The brothers Montgolfier invented the hot air balloon upon the observation that smoke rises, and thus they figured that if they could catch it in a bag, the bag would be pulled upward.

Hot air ballooning is quite popular today; people think of balloons as being quaint and pretty and natural, or at least more natural than airplanes.

Actually, a modern hot-air balloon uses more fuel than an airplane does to fly the same payload for the same time. The reason, of course, is that hot air needs to be hot, but the balloon needs to be light, so that the material needs to be thin, which means in practice that heat is lost through the balloon, and needs to be regenerated by burning fuel.

With nanotech we could make a fabric of diamond sheets for strength, with vacuum for insulation, and thin metallic films (or graphene sheets) to reflect thermal radiation. That means that we could have a balloon that was much lighter than woven nylon, and yet enormously better insulated.

The air in a balloon may be typically heated to around 100C, making it 0.93 kg/m^3 (compared with 1.2 at 20C). Call it roughly 0.25 kg/m^3 lifting capacity.

But if we can insulate it, we could fill it with steam instead (at the same temperature). (Steam would condense on the walls of an uninsulated bag.) Steam at 100C has a density of 0.59, call it 0.6 kg lifting capacity. Since we aren’t losing heat (much), we could superheat it and get some extra lift, say a few 0.1kg/m^3, but there would likely be a tradeoff with insulation weight, energy rates to cover leakage, etc. Even without it, the balloon lifts its own weight, including the water in the steam (and probably 100 times that of just the balloon).

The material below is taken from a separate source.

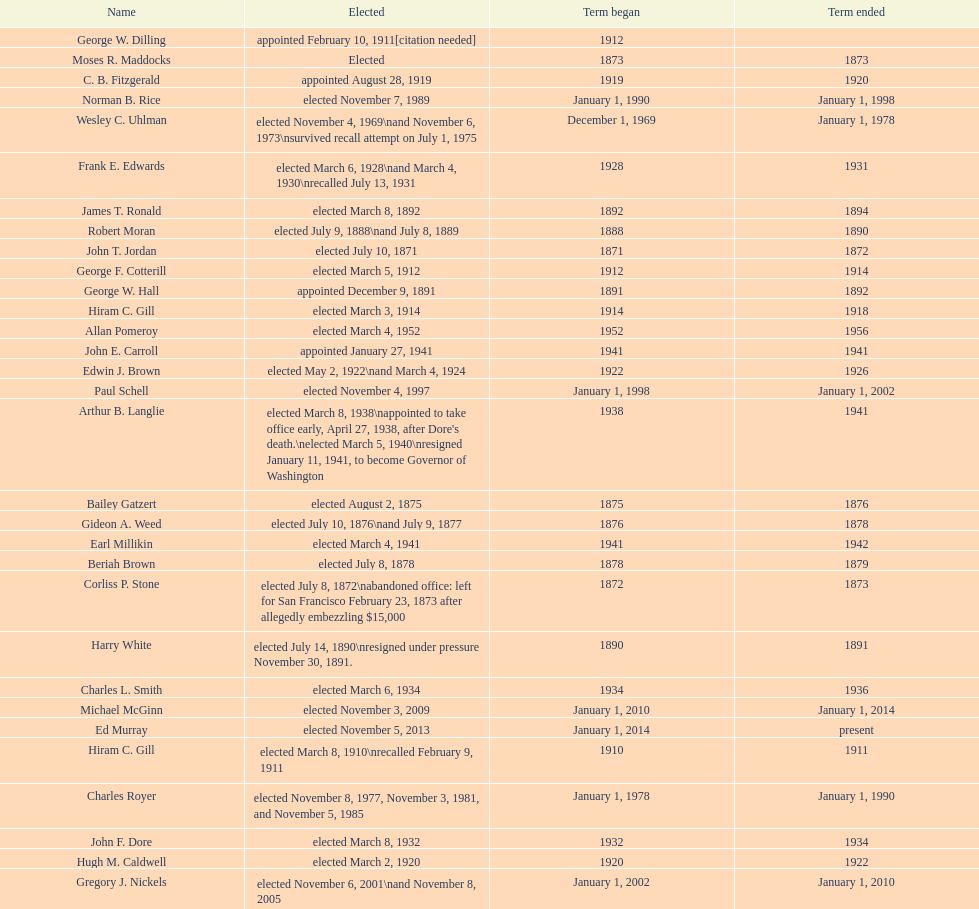Who was the mayor before jordan? Henry A. Atkins.

(Postscript: It’s occasionally assumed that diamond is strong enough to make air-buoyant vacuum-filled balloons. This doesn’t actually work. Hydrogen remains the champ, with a density of 0.09 kg/m^3, which is essentially negligible. But even so, a steam balloon would only have to have twice the volume of a hydrogen balloon with the same lift, as compared to 5 times for hot air.)